Вот все, что рассказала Анна о себе подругам в медсанбате. В действительности же было не так. Не все остались на месте, ряд дрогнул, и в числе слабых была Анна. Она стала шпионкой. От трусости до преступления не так далеко.

— Воинам, особенно разведчикам, надо быть бдительными! — закончил майор.

Казалось бы, привычная, «избитая», как мы говорим, фраза. А какой в ней глубокий смысл!

18-е сентября.

За эти дни произошло немало событий. 7-го сентября появились всей ротой в Грядозубове. Нас встретила встревоженная Полина Алексеевна. Ей подбросили письмо от полицейского из Боярщины. В письме тетю Полю предупреждают, что если она и дальше будет принимать у себя докукинцев, то спалят ее дом вместе со всеми ее «друзьями» и от всей деревни останется пепел.

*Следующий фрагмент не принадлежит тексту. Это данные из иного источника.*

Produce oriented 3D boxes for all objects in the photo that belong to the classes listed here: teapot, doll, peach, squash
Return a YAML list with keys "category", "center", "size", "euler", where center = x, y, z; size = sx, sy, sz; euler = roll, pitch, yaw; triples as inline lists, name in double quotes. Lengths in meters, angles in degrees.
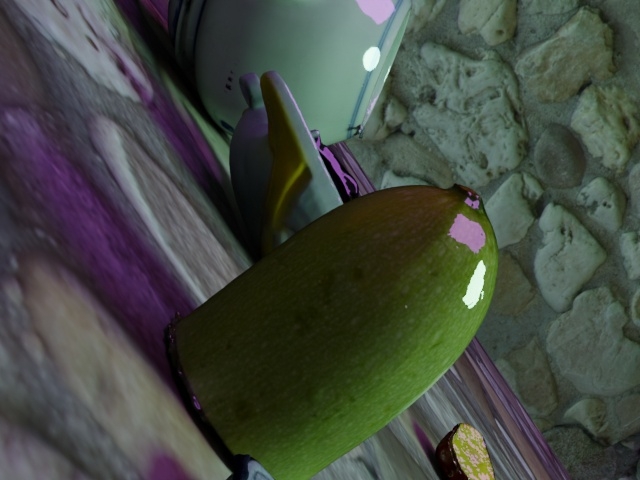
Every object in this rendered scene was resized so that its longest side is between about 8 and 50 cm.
- category: "teapot"
  center: [-0.058, -0.230, 0.902]
  size: [0.280, 0.252, 0.424]
  euler: [22, -15, 4]
- category: "doll"
  center: [-0.002, 0.001, 0.754]
  size: [0.316, 0.103, 0.145]
  euler: [63, 14, -2]
- category: "peach"
  center: [0.160, 0.249, 0.937]
  size: [0.083, 0.050, 0.077]
  euler: [49, 31, 7]
- category: "squash"
  center: [0.017, 0.039, 0.469]
  size: [0.123, 0.186, 0.123]
  euler: [49, 8, -10]

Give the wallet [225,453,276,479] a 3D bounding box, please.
- category: "wallet"
  center: [0.001, 0.194, 0.310]
  size: [0.167, 0.036, 0.222]
  euler: [56, 11, -15]

Мы и раньше подозревали, что кто-то в Грядозубове связан с полицейскими. Теперь мы были в этом убеждены, иначе как же попало письмо сюда. Не успели мы поразмыслить об этом, как с НП пришел Володя Чистяков и рассказал, что исчез красноармеец Гопкало.

В грядозубовском лесу у нас установлен постоянный наблюдательный пункт. В какую бы сторону рота ни уходила на задание, здесь всегда остаются разведчики-наблюдатели. На сей раз несли службу под командованием Владимира Чистякова разведчики Бовин, Сотсков, Журавлев, Савченко и Гопкало. Вчера вечером Гопкало отпросился у Чистякова накопать картошки в котелок. Ушел с биноклем, карабином и больше не явился. Вокруг все было тихо. Никакой перестрелки, поэтому и хватились-то они Гопкало не сразу.

Докукин немедленно выслал группу на поиски Гопкало. Разведчики прочесали всю местность до самой обороны противника, но безрезультатно. Это был высокий, худощавый украинец с длинными усами, опущенными книзу. Ребята его звали «батяня». Вообще-то разведчики относились к нему с уважением, считали его положительным человеком. Правда, уж очень он надоедал нам своими нравоучениями.